Mystical Word is a weekly reflection on the Sunday Gospel reading by L.J. Milone, Director of Faith Formation, Cathedral of St. Matthew the Apostle
Mystical Word is a weekly reflection on the Sunday Gospel reading by L.J. Milone, Director of Faith Formation, Cathedral of St. Matthew the Apostle
Stay Awake!
In this reflection, we learn about what it means to be awake.
Awakened people see reality, just as it is, and not as we would like it to be. In that moment of pure seeing we change. Anthony de Mello tells a wonderful story in this regard. “There was a lion that grew up in a flock of sheep and so he had no consciousness that he was a lion. He didn’t know he was a lion. He would bleat like a sheep, he’d eat grass like a sheep. One day they were wandering at the edge of a big jungle when a mighty lion let out a big roar and leaped out of the forest and right into the middle of the flock. All the sheep scattered and ran away. Imagine the surprise of the jungle lion when he saw this other lion there among the sheep. So, he gave chase. He got hold of him. And there was this lion, cringing in front of the king of the jungle. And the jungle lion said to him, ‘What are you doing here?’ And the other lion said, ‘Have mercy on me. Don’t eat me. Have mercy on me.’ But the king of the forest dragged him away, saying, ‘Come on with me.’ And he took him to a lake and he said, ‘Look.’ So, the lion who thought he was a sheep looked, and for the first time he saw his reflection. He saw his image. Then he looked at the jungle lion, and he looked in the water again, and he let out a mighty roar. He was never a sheep again. It took only one minute.”
Jesus tells us to “stay awake.” To be awake to reality, to know the truth, liberates us. This is the point of Jesus’ parable of the five wise virgins and the five foolish virgins. What might arrest us from a contemporary perspective is the seeming injustice of the situation. Why don’t the five wise virgins share their oil with the five foolish ones? Jesus is making a spiritual point with this exchange. The lamps and their oil represent spiritual consciousness. The wise can’t lend the foolish their oil just as one can’t lend consciousness to another. Jesus is saying that we all have to walk the spiritual path ourselves. No one else can do it for us. Jesus calls each one of us, particularly and personally, to let go into God.
The wise virgins tell the foolish ones to “go and buy” their oil from some merchants. That the foolish ones believe they can deepen their spiritual consciousness by buying something is what makes them foolish. It symbolizes conventional consciousness, which treats spiritual reality in crass materialistic and mechanistic ways. Conventional consciousness attempts to buy one’s way into heaven. We are all caught in this conventional consciousness in myriad ways. How would Jesus have responded to the sale of indulgences in the middle ages? Has the Church even learned this lesson that grace is utterly free and requires us only to surrender in faith regardless of our opinions about doctrine, our sexual orientation, our marital situation? All that is needed is trust in the infinite mercy of God.

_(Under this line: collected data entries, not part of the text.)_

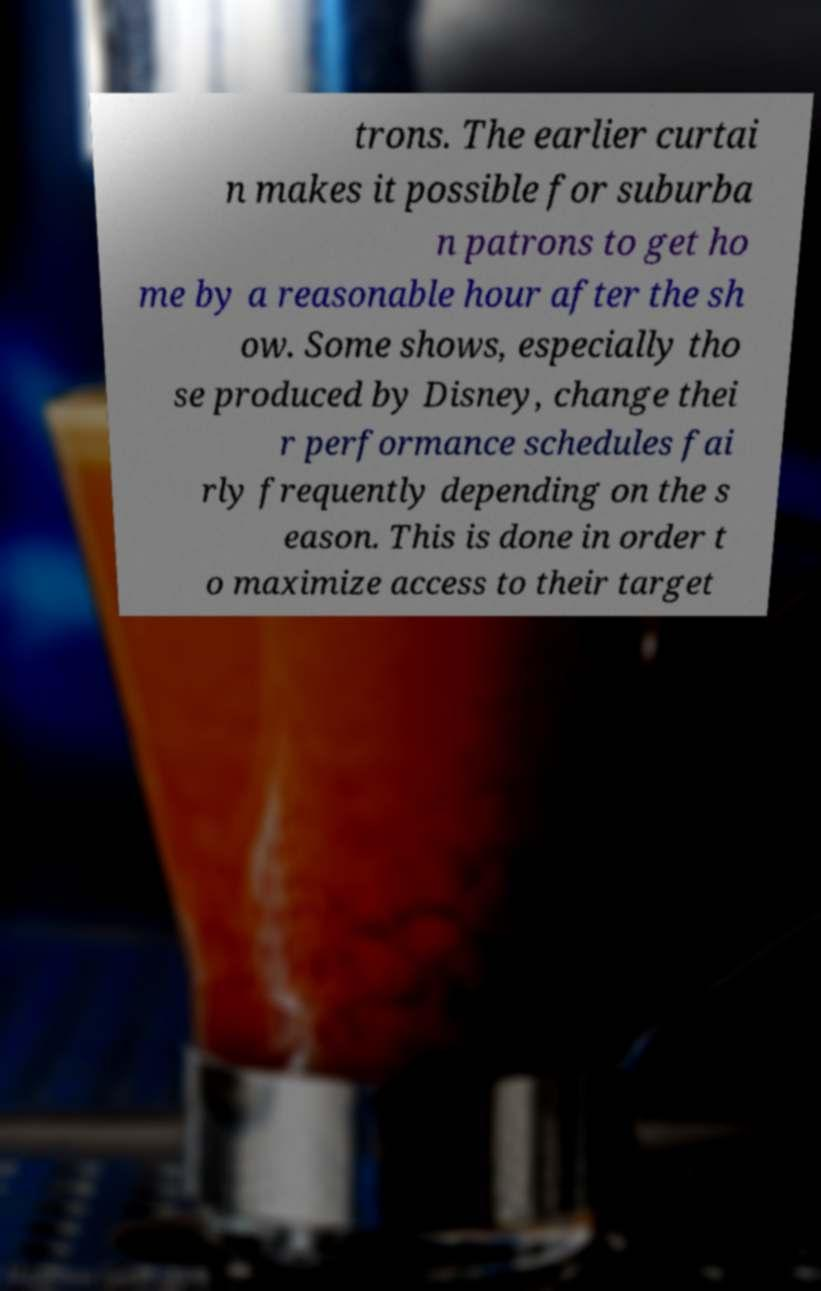For documentation purposes, I need the text within this image transcribed. Could you provide that? trons. The earlier curtai n makes it possible for suburba n patrons to get ho me by a reasonable hour after the sh ow. Some shows, especially tho se produced by Disney, change thei r performance schedules fai rly frequently depending on the s eason. This is done in order t o maximize access to their target 
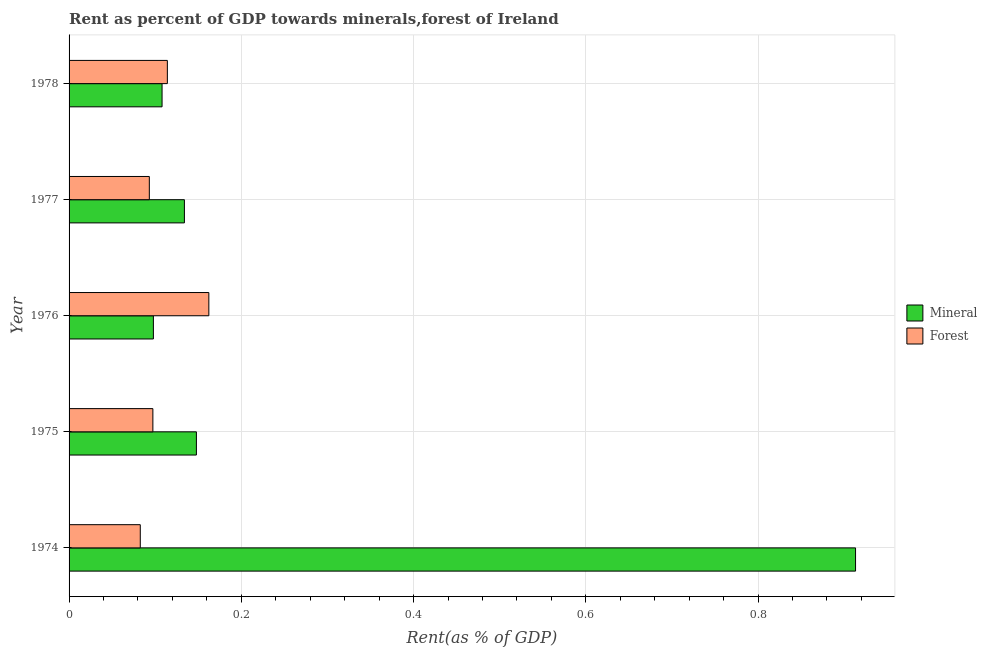Are the number of bars per tick equal to the number of legend labels?
Provide a succinct answer. Yes. Are the number of bars on each tick of the Y-axis equal?
Provide a succinct answer. Yes. How many bars are there on the 5th tick from the top?
Give a very brief answer. 2. How many bars are there on the 3rd tick from the bottom?
Ensure brevity in your answer.  2. What is the label of the 4th group of bars from the top?
Give a very brief answer. 1975. In how many cases, is the number of bars for a given year not equal to the number of legend labels?
Your response must be concise. 0. What is the mineral rent in 1977?
Your answer should be compact. 0.13. Across all years, what is the maximum forest rent?
Make the answer very short. 0.16. Across all years, what is the minimum forest rent?
Make the answer very short. 0.08. In which year was the mineral rent maximum?
Offer a terse response. 1974. In which year was the forest rent minimum?
Give a very brief answer. 1974. What is the total mineral rent in the graph?
Offer a terse response. 1.4. What is the difference between the forest rent in 1975 and that in 1977?
Keep it short and to the point. 0. What is the difference between the mineral rent in 1974 and the forest rent in 1976?
Your answer should be very brief. 0.75. What is the average mineral rent per year?
Offer a very short reply. 0.28. In the year 1975, what is the difference between the forest rent and mineral rent?
Your answer should be compact. -0.05. What is the ratio of the mineral rent in 1975 to that in 1976?
Your answer should be very brief. 1.51. What is the difference between the highest and the second highest forest rent?
Offer a terse response. 0.05. What is the difference between the highest and the lowest forest rent?
Offer a terse response. 0.08. In how many years, is the forest rent greater than the average forest rent taken over all years?
Provide a short and direct response. 2. What does the 1st bar from the top in 1977 represents?
Your response must be concise. Forest. What does the 1st bar from the bottom in 1978 represents?
Provide a short and direct response. Mineral. How many years are there in the graph?
Your answer should be compact. 5. Are the values on the major ticks of X-axis written in scientific E-notation?
Provide a succinct answer. No. Does the graph contain grids?
Offer a very short reply. Yes. How many legend labels are there?
Provide a short and direct response. 2. How are the legend labels stacked?
Provide a short and direct response. Vertical. What is the title of the graph?
Ensure brevity in your answer.  Rent as percent of GDP towards minerals,forest of Ireland. What is the label or title of the X-axis?
Ensure brevity in your answer.  Rent(as % of GDP). What is the Rent(as % of GDP) in Mineral in 1974?
Your answer should be very brief. 0.91. What is the Rent(as % of GDP) of Forest in 1974?
Make the answer very short. 0.08. What is the Rent(as % of GDP) of Mineral in 1975?
Give a very brief answer. 0.15. What is the Rent(as % of GDP) in Forest in 1975?
Your response must be concise. 0.1. What is the Rent(as % of GDP) of Mineral in 1976?
Ensure brevity in your answer.  0.1. What is the Rent(as % of GDP) of Forest in 1976?
Offer a terse response. 0.16. What is the Rent(as % of GDP) of Mineral in 1977?
Your answer should be compact. 0.13. What is the Rent(as % of GDP) of Forest in 1977?
Your answer should be compact. 0.09. What is the Rent(as % of GDP) in Mineral in 1978?
Your answer should be very brief. 0.11. What is the Rent(as % of GDP) of Forest in 1978?
Offer a very short reply. 0.11. Across all years, what is the maximum Rent(as % of GDP) of Mineral?
Your response must be concise. 0.91. Across all years, what is the maximum Rent(as % of GDP) of Forest?
Offer a terse response. 0.16. Across all years, what is the minimum Rent(as % of GDP) in Mineral?
Keep it short and to the point. 0.1. Across all years, what is the minimum Rent(as % of GDP) in Forest?
Offer a terse response. 0.08. What is the total Rent(as % of GDP) of Mineral in the graph?
Give a very brief answer. 1.4. What is the total Rent(as % of GDP) of Forest in the graph?
Your answer should be compact. 0.55. What is the difference between the Rent(as % of GDP) in Mineral in 1974 and that in 1975?
Your answer should be compact. 0.77. What is the difference between the Rent(as % of GDP) in Forest in 1974 and that in 1975?
Provide a succinct answer. -0.01. What is the difference between the Rent(as % of GDP) in Mineral in 1974 and that in 1976?
Your answer should be compact. 0.82. What is the difference between the Rent(as % of GDP) of Forest in 1974 and that in 1976?
Ensure brevity in your answer.  -0.08. What is the difference between the Rent(as % of GDP) of Mineral in 1974 and that in 1977?
Your response must be concise. 0.78. What is the difference between the Rent(as % of GDP) in Forest in 1974 and that in 1977?
Provide a succinct answer. -0.01. What is the difference between the Rent(as % of GDP) in Mineral in 1974 and that in 1978?
Your answer should be compact. 0.81. What is the difference between the Rent(as % of GDP) in Forest in 1974 and that in 1978?
Ensure brevity in your answer.  -0.03. What is the difference between the Rent(as % of GDP) in Mineral in 1975 and that in 1976?
Ensure brevity in your answer.  0.05. What is the difference between the Rent(as % of GDP) in Forest in 1975 and that in 1976?
Provide a succinct answer. -0.07. What is the difference between the Rent(as % of GDP) in Mineral in 1975 and that in 1977?
Your response must be concise. 0.01. What is the difference between the Rent(as % of GDP) in Forest in 1975 and that in 1977?
Your answer should be compact. 0. What is the difference between the Rent(as % of GDP) in Mineral in 1975 and that in 1978?
Offer a very short reply. 0.04. What is the difference between the Rent(as % of GDP) of Forest in 1975 and that in 1978?
Provide a succinct answer. -0.02. What is the difference between the Rent(as % of GDP) of Mineral in 1976 and that in 1977?
Give a very brief answer. -0.04. What is the difference between the Rent(as % of GDP) of Forest in 1976 and that in 1977?
Your answer should be compact. 0.07. What is the difference between the Rent(as % of GDP) in Mineral in 1976 and that in 1978?
Provide a short and direct response. -0.01. What is the difference between the Rent(as % of GDP) in Forest in 1976 and that in 1978?
Your answer should be compact. 0.05. What is the difference between the Rent(as % of GDP) of Mineral in 1977 and that in 1978?
Your answer should be very brief. 0.03. What is the difference between the Rent(as % of GDP) in Forest in 1977 and that in 1978?
Your response must be concise. -0.02. What is the difference between the Rent(as % of GDP) in Mineral in 1974 and the Rent(as % of GDP) in Forest in 1975?
Offer a very short reply. 0.82. What is the difference between the Rent(as % of GDP) of Mineral in 1974 and the Rent(as % of GDP) of Forest in 1976?
Your answer should be very brief. 0.75. What is the difference between the Rent(as % of GDP) in Mineral in 1974 and the Rent(as % of GDP) in Forest in 1977?
Give a very brief answer. 0.82. What is the difference between the Rent(as % of GDP) of Mineral in 1974 and the Rent(as % of GDP) of Forest in 1978?
Ensure brevity in your answer.  0.8. What is the difference between the Rent(as % of GDP) of Mineral in 1975 and the Rent(as % of GDP) of Forest in 1976?
Give a very brief answer. -0.01. What is the difference between the Rent(as % of GDP) in Mineral in 1975 and the Rent(as % of GDP) in Forest in 1977?
Provide a short and direct response. 0.05. What is the difference between the Rent(as % of GDP) in Mineral in 1975 and the Rent(as % of GDP) in Forest in 1978?
Make the answer very short. 0.03. What is the difference between the Rent(as % of GDP) of Mineral in 1976 and the Rent(as % of GDP) of Forest in 1977?
Ensure brevity in your answer.  0. What is the difference between the Rent(as % of GDP) of Mineral in 1976 and the Rent(as % of GDP) of Forest in 1978?
Your answer should be very brief. -0.02. What is the difference between the Rent(as % of GDP) of Mineral in 1977 and the Rent(as % of GDP) of Forest in 1978?
Ensure brevity in your answer.  0.02. What is the average Rent(as % of GDP) of Mineral per year?
Keep it short and to the point. 0.28. What is the average Rent(as % of GDP) of Forest per year?
Your answer should be compact. 0.11. In the year 1974, what is the difference between the Rent(as % of GDP) in Mineral and Rent(as % of GDP) in Forest?
Provide a succinct answer. 0.83. In the year 1975, what is the difference between the Rent(as % of GDP) of Mineral and Rent(as % of GDP) of Forest?
Provide a short and direct response. 0.05. In the year 1976, what is the difference between the Rent(as % of GDP) in Mineral and Rent(as % of GDP) in Forest?
Offer a very short reply. -0.06. In the year 1977, what is the difference between the Rent(as % of GDP) of Mineral and Rent(as % of GDP) of Forest?
Give a very brief answer. 0.04. In the year 1978, what is the difference between the Rent(as % of GDP) of Mineral and Rent(as % of GDP) of Forest?
Give a very brief answer. -0.01. What is the ratio of the Rent(as % of GDP) in Mineral in 1974 to that in 1975?
Provide a succinct answer. 6.18. What is the ratio of the Rent(as % of GDP) in Forest in 1974 to that in 1975?
Offer a very short reply. 0.85. What is the ratio of the Rent(as % of GDP) in Mineral in 1974 to that in 1976?
Provide a succinct answer. 9.33. What is the ratio of the Rent(as % of GDP) in Forest in 1974 to that in 1976?
Your answer should be compact. 0.51. What is the ratio of the Rent(as % of GDP) of Mineral in 1974 to that in 1977?
Give a very brief answer. 6.82. What is the ratio of the Rent(as % of GDP) in Forest in 1974 to that in 1977?
Your answer should be very brief. 0.89. What is the ratio of the Rent(as % of GDP) of Mineral in 1974 to that in 1978?
Your response must be concise. 8.46. What is the ratio of the Rent(as % of GDP) in Forest in 1974 to that in 1978?
Keep it short and to the point. 0.72. What is the ratio of the Rent(as % of GDP) in Mineral in 1975 to that in 1976?
Your answer should be compact. 1.51. What is the ratio of the Rent(as % of GDP) of Forest in 1975 to that in 1976?
Ensure brevity in your answer.  0.6. What is the ratio of the Rent(as % of GDP) in Mineral in 1975 to that in 1977?
Your response must be concise. 1.1. What is the ratio of the Rent(as % of GDP) in Forest in 1975 to that in 1977?
Offer a terse response. 1.04. What is the ratio of the Rent(as % of GDP) in Mineral in 1975 to that in 1978?
Your response must be concise. 1.37. What is the ratio of the Rent(as % of GDP) in Forest in 1975 to that in 1978?
Keep it short and to the point. 0.85. What is the ratio of the Rent(as % of GDP) in Mineral in 1976 to that in 1977?
Offer a terse response. 0.73. What is the ratio of the Rent(as % of GDP) in Forest in 1976 to that in 1977?
Give a very brief answer. 1.74. What is the ratio of the Rent(as % of GDP) in Mineral in 1976 to that in 1978?
Your response must be concise. 0.91. What is the ratio of the Rent(as % of GDP) in Forest in 1976 to that in 1978?
Keep it short and to the point. 1.42. What is the ratio of the Rent(as % of GDP) of Mineral in 1977 to that in 1978?
Provide a succinct answer. 1.24. What is the ratio of the Rent(as % of GDP) in Forest in 1977 to that in 1978?
Provide a succinct answer. 0.82. What is the difference between the highest and the second highest Rent(as % of GDP) in Mineral?
Your answer should be very brief. 0.77. What is the difference between the highest and the second highest Rent(as % of GDP) of Forest?
Offer a very short reply. 0.05. What is the difference between the highest and the lowest Rent(as % of GDP) in Mineral?
Your answer should be very brief. 0.82. What is the difference between the highest and the lowest Rent(as % of GDP) in Forest?
Ensure brevity in your answer.  0.08. 
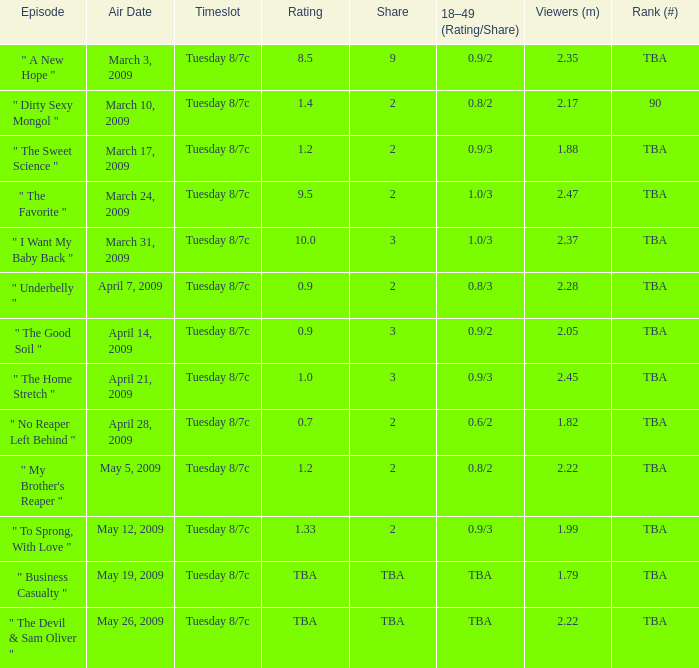8/3? 2.0. 
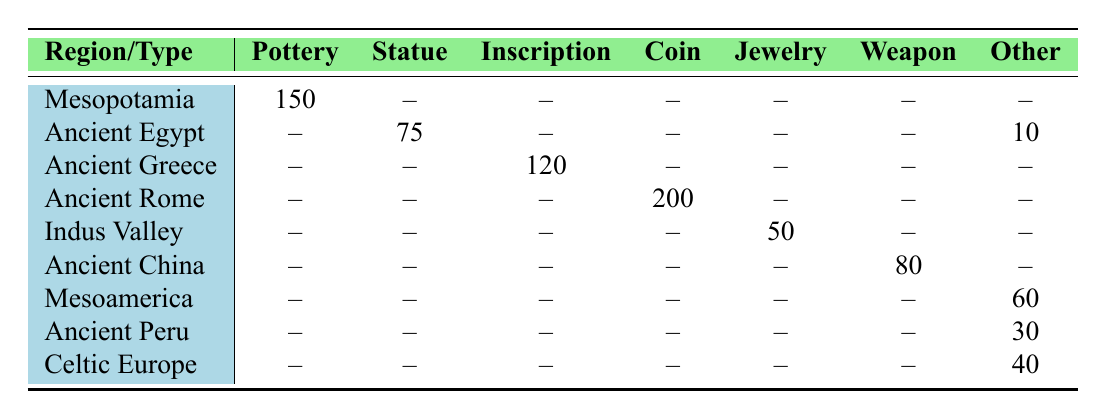What is the count of Pottery artifacts in Mesopotamia? The table shows that there are 150 Pottery artifacts specifically listed for Mesopotamia in the corresponding row.
Answer: 150 How many Coin artifacts are there in Ancient Rome? The corresponding row for Ancient Rome indicates there are 200 Coin artifacts.
Answer: 200 Are there more inscriptions in Ancient Greece than Jewelry in the Indus Valley? The table shows 120 inscriptions in Ancient Greece and 50 Jewelry artifacts in the Indus Valley. Since 120 > 50, the answer is yes.
Answer: Yes Which region has the highest count of artifacts, and what is that count? To find the highest count, we need to compare the counts across all artifacts: Mesopotamia (150), Ancient Egypt (85 total), Ancient Greece (120), Ancient Rome (200), Indus Valley (50), Ancient China (80), Mesoamerica (60), Ancient Peru (30), Celtic Europe (40). The highest count is 200 in Ancient Rome.
Answer: Ancient Rome, 200 What is the total count of architectural artifacts across all regions? The table shows 10 architectural artifacts located only in Ancient Egypt. Since this is the only entry for this category, the total is simply 10.
Answer: 10 Is there a region that does not have any Pottery artifacts listed? Checking the Pottery artifacts count across the regions, the regions listed are Ancient Egypt, Ancient Greece, Ancient Rome, Indus Valley, Ancient China, Mesoamerica, Ancient Peru, and Celtic Europe. The only region with an explicitly recorded pottery count is Mesopotamia, indicating that all other regions do not have Pottery artifacts listed.
Answer: Yes What is the sum of counts of Religious Artifacts and Jewelry? The count of Religious Artifacts from Celtic Europe is 40, and Jewelry from the Indus Valley is 50. Summing these gives: 40 + 50 = 90.
Answer: 90 Which region has the largest number of different types of artifacts listed? To determine this, we assess the presence of artifacts in each region. Mesopotamia has 1, Ancient Egypt has 2, Ancient Greece has 1, Ancient Rome has 1, Indus Valley has 1, Ancient China has 1, Mesoamerica has 1, Ancient Peru has 1, and Celtic Europe has 1, indicating Ancient Egypt has the largest number of different types (2).
Answer: Ancient Egypt 
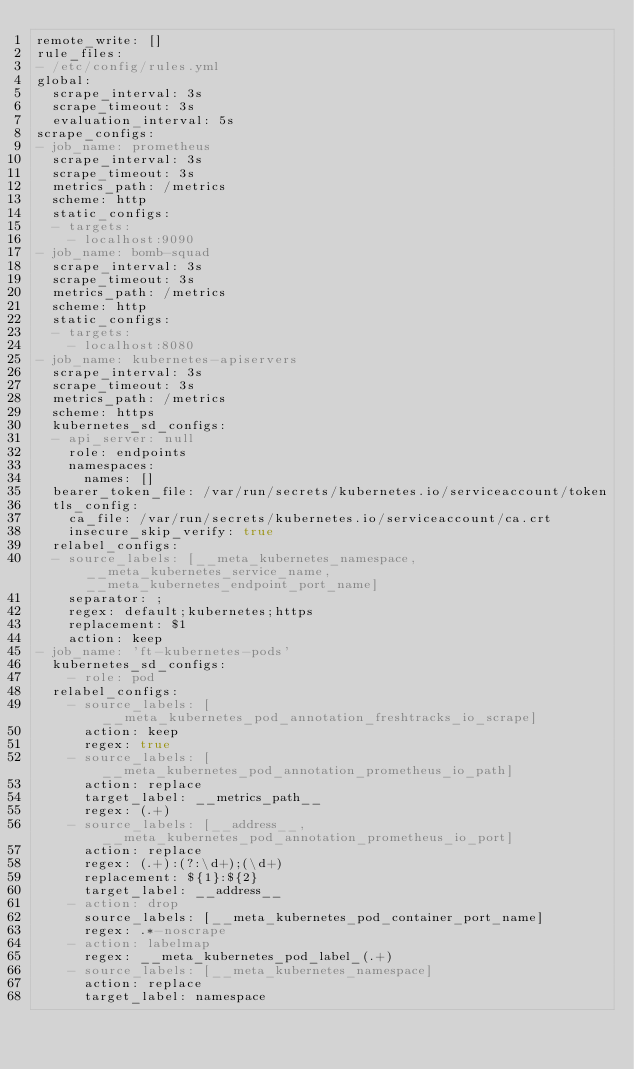Convert code to text. <code><loc_0><loc_0><loc_500><loc_500><_YAML_>remote_write: []
rule_files:
- /etc/config/rules.yml
global:
  scrape_interval: 3s
  scrape_timeout: 3s
  evaluation_interval: 5s
scrape_configs:
- job_name: prometheus
  scrape_interval: 3s
  scrape_timeout: 3s
  metrics_path: /metrics
  scheme: http
  static_configs:
  - targets:
    - localhost:9090
- job_name: bomb-squad
  scrape_interval: 3s
  scrape_timeout: 3s
  metrics_path: /metrics
  scheme: http
  static_configs:
  - targets:
    - localhost:8080
- job_name: kubernetes-apiservers
  scrape_interval: 3s
  scrape_timeout: 3s
  metrics_path: /metrics
  scheme: https
  kubernetes_sd_configs:
  - api_server: null
    role: endpoints
    namespaces:
      names: []
  bearer_token_file: /var/run/secrets/kubernetes.io/serviceaccount/token
  tls_config:
    ca_file: /var/run/secrets/kubernetes.io/serviceaccount/ca.crt
    insecure_skip_verify: true
  relabel_configs:
  - source_labels: [__meta_kubernetes_namespace, __meta_kubernetes_service_name, __meta_kubernetes_endpoint_port_name]
    separator: ;
    regex: default;kubernetes;https
    replacement: $1
    action: keep
- job_name: 'ft-kubernetes-pods'
  kubernetes_sd_configs:
    - role: pod
  relabel_configs:
    - source_labels: [__meta_kubernetes_pod_annotation_freshtracks_io_scrape]
      action: keep
      regex: true
    - source_labels: [__meta_kubernetes_pod_annotation_prometheus_io_path]
      action: replace
      target_label: __metrics_path__
      regex: (.+)
    - source_labels: [__address__, __meta_kubernetes_pod_annotation_prometheus_io_port]
      action: replace
      regex: (.+):(?:\d+);(\d+)
      replacement: ${1}:${2}
      target_label: __address__
    - action: drop
      source_labels: [__meta_kubernetes_pod_container_port_name]
      regex: .*-noscrape
    - action: labelmap
      regex: __meta_kubernetes_pod_label_(.+)
    - source_labels: [__meta_kubernetes_namespace]
      action: replace
      target_label: namespace</code>

Furthermore, the need for oiled lamps is revealed when the groom comes. They allow the groom to see the faces of the wise virgins. This face-to-face seeing is powerfully symbolic. To see truly we need light. We must be enlightened, awake. Our Catholic tradition has frequently called God, “Being” or “Reality.” After all, God says to Moses, “I AM WHO I AM” (Exodus 3:14). God is, to use the phrase of Thomas Keating, That Which Is. Or, to use Meister Eckhart’s word, “Is-ness.” To see reality as it is, through Christ, we must be open, alive, and present to That Which Is. To know the divine Is-ness, we have to be here and now, in the present moment, and awake and alive in the now. Perhaps this is what St. Paul meant by “unceasing prayer” (1 Thess 5:17).
Religion that leads us into the aliveness of the moment is true religion. If it leads us away from the now, focusing us on the past or future only, then we miss what John’s Gospel calls “eternal life” happening right under our noses. This eternal life is our real life, which the lion experienced when he saw the truth, namely that he is a lion. When we are in touch with Reality through Jesus, we come to know who we truly are. Our identity awakens in the presence of That Which Is. This is good religion. However, if our religion is punitive, narrowly focused on doctrine (to the exclusion of prayerfully connecting to God), shame-based, or filled with empty ritual, then we are in the domain of conventional consciousness. We are surrounded by foolish virgins. To become wise, Jesus tells us to wake up to reality and become present to That Which Is.